Following the failure of its Llama 4 model, Mark Zuckerberg has taken direct control of Meta’s AI division, replacing key leadership, including the departure of Yann LeCun and the hiring of Scale AI’s Alexandr Wang. The company is investing $600 billion to develop “Avocado,” a closed-source proprietary model trained on rival data from Google and OpenAI. This shift aims to monetize AI and compete directly with top rivals, though it has caused significant internal turmoil and raises regulatory concerns regarding safety.
Pros of Open Source AI
Rapid Innovation & Bug Fixing: When code is public, thousands of external developers can improve it, fix bugs, and build plugins faster than a single internal team. This was Meta’s original strategy with Llama.

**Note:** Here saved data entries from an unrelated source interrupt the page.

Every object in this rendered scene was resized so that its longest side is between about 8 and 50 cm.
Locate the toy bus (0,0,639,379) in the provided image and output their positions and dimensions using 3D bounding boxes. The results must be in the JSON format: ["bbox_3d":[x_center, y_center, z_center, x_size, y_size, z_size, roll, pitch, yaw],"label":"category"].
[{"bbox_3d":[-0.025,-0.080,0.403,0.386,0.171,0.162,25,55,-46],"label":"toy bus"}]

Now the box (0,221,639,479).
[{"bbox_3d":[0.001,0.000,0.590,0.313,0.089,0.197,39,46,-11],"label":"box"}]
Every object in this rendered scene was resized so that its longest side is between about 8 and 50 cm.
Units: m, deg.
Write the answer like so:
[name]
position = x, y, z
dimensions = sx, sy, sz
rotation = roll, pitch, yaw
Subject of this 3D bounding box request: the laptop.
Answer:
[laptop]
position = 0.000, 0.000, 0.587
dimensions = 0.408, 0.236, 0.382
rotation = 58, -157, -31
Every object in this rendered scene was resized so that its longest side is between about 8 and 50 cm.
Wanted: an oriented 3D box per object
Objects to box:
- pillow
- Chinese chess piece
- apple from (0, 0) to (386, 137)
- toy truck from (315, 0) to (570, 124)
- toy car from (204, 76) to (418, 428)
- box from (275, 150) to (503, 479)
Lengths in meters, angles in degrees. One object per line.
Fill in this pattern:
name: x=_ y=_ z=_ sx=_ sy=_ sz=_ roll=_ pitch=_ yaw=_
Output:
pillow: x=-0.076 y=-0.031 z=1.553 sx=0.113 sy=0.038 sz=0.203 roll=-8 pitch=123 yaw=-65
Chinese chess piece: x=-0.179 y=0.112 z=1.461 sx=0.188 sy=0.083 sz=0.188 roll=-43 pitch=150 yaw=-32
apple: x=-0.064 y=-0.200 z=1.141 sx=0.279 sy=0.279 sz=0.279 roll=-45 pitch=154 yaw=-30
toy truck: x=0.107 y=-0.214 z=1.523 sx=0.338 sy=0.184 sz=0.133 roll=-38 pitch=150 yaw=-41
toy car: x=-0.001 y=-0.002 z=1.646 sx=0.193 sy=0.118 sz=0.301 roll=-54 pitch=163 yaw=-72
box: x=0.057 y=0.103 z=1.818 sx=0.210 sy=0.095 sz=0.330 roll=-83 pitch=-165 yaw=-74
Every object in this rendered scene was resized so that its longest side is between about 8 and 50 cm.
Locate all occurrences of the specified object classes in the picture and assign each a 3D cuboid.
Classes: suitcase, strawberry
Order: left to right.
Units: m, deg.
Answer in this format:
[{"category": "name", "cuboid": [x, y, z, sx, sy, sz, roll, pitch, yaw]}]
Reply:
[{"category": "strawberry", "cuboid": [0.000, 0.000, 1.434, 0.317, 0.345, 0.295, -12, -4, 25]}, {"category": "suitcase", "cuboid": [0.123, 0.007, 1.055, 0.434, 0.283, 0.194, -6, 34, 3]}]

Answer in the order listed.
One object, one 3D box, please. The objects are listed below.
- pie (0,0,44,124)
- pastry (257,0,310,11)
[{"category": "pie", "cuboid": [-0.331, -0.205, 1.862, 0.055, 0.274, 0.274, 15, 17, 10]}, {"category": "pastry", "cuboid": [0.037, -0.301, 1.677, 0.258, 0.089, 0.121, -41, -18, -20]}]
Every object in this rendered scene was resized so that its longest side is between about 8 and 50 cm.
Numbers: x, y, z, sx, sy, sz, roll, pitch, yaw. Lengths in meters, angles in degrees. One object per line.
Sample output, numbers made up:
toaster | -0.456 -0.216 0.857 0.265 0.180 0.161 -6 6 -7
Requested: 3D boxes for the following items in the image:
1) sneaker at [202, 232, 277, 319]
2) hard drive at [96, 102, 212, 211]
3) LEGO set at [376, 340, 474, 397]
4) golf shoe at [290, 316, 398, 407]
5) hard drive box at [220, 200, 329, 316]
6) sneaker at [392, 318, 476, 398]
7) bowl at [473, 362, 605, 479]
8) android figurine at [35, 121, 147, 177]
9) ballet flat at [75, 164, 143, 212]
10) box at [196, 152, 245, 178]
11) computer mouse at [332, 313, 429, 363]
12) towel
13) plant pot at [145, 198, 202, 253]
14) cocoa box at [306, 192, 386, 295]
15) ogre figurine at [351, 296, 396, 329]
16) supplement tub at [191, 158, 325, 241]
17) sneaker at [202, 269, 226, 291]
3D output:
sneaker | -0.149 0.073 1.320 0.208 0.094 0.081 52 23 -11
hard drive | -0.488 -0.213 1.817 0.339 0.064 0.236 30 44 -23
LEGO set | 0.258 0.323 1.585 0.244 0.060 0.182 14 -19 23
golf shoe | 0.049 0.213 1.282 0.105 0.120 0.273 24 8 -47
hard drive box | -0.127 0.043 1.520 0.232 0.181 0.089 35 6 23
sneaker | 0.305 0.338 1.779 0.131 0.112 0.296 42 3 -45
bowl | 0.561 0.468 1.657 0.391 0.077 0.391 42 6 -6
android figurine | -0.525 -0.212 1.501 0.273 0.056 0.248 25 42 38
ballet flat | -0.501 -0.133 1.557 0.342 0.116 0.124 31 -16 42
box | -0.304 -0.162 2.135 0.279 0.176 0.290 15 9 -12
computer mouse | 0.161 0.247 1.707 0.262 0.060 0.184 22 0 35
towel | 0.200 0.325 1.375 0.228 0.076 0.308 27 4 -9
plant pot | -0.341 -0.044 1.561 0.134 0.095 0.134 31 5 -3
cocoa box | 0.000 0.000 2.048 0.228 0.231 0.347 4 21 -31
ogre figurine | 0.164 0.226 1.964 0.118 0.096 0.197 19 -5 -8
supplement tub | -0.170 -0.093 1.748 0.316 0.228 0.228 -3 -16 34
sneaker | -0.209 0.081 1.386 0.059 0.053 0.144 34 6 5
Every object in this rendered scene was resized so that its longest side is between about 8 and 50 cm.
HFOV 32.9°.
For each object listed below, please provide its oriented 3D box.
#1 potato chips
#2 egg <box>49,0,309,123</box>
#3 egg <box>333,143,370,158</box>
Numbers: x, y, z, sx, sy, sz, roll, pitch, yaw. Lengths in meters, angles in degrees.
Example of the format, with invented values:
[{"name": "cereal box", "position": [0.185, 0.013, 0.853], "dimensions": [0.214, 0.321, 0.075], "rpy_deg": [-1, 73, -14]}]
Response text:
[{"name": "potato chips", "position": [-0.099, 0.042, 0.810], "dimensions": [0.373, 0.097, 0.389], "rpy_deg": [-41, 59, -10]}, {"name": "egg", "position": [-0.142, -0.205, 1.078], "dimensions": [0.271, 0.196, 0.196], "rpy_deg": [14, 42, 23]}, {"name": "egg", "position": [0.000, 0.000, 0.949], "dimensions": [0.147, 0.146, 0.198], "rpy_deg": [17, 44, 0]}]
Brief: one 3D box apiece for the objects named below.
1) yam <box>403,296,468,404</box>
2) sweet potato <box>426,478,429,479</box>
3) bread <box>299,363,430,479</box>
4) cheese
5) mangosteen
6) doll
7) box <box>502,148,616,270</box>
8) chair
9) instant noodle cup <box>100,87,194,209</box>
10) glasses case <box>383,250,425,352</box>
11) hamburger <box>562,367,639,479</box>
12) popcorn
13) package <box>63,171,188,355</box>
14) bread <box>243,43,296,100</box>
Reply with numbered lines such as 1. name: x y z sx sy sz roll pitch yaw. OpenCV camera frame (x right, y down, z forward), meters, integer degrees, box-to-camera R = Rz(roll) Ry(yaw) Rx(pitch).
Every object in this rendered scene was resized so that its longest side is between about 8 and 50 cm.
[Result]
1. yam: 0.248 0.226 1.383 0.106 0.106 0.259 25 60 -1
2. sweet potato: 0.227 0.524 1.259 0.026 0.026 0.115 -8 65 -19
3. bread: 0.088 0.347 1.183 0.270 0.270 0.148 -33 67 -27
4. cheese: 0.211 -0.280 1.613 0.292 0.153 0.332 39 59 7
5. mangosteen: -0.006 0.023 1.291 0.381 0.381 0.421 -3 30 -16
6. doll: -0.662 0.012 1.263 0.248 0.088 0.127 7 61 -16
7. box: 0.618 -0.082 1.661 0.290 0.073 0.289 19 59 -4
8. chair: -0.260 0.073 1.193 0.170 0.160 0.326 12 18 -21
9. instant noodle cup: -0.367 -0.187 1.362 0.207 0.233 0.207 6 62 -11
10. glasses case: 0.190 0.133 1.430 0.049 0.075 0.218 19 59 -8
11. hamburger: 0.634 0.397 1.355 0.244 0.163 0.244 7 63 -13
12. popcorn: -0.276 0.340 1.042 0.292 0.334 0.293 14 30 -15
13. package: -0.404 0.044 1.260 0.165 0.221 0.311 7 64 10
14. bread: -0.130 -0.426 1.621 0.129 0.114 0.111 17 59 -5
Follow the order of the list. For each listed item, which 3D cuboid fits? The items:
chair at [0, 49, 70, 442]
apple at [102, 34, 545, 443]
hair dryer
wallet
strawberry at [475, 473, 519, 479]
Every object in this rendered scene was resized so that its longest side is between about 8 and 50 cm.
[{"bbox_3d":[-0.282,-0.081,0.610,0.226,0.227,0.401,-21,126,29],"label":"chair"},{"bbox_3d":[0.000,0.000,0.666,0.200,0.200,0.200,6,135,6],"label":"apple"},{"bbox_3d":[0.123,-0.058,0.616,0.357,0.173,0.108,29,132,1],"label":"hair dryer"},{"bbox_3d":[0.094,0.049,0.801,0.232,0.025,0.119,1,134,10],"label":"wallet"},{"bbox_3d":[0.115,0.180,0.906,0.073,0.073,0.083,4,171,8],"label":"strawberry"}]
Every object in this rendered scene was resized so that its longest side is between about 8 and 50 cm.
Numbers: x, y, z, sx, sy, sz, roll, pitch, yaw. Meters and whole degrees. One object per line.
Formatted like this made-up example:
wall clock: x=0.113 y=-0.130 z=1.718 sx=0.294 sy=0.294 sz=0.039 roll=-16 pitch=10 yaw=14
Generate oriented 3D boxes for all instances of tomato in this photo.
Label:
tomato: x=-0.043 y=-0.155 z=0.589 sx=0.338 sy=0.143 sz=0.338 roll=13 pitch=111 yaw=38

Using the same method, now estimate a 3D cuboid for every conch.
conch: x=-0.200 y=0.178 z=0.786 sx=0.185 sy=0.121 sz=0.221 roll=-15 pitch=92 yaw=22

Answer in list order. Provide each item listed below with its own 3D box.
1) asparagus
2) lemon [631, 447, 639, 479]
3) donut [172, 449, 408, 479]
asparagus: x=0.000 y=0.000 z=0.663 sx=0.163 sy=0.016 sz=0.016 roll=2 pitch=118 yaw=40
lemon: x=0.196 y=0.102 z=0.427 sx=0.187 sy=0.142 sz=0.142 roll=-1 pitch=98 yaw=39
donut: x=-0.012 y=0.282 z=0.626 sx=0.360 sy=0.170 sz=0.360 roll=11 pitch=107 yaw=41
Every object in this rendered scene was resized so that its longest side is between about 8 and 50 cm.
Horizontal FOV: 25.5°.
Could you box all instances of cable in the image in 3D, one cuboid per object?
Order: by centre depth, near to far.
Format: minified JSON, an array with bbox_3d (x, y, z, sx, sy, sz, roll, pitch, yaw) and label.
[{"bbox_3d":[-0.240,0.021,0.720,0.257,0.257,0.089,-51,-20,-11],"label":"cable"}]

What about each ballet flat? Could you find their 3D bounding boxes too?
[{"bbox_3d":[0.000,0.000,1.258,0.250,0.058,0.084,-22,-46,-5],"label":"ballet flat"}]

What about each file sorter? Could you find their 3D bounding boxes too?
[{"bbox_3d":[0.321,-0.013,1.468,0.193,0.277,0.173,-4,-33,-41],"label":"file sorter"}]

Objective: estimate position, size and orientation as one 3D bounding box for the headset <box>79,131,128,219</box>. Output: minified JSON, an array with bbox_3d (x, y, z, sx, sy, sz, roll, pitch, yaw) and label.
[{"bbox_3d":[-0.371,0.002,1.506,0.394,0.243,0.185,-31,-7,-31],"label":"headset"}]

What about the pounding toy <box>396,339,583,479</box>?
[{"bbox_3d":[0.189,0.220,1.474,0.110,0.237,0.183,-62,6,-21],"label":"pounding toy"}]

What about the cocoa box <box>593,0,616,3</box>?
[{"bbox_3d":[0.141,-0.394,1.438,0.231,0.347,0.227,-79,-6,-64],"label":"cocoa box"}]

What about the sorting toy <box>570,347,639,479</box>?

Industry Standardization: Open models often become the “standard” on which other tools are built. If everyone uses your architecture, you control the ecosystem (similar to Google’s Android).
transparency & Trust: Researchers and governments can audit the code for bias and safety flaws, creating more trust than a “black box” proprietary model.
Lower Barrier to Entry: It democratizes AI, allowing smaller companies, students, and researchers to use powerful tools without paying massive licensing fees.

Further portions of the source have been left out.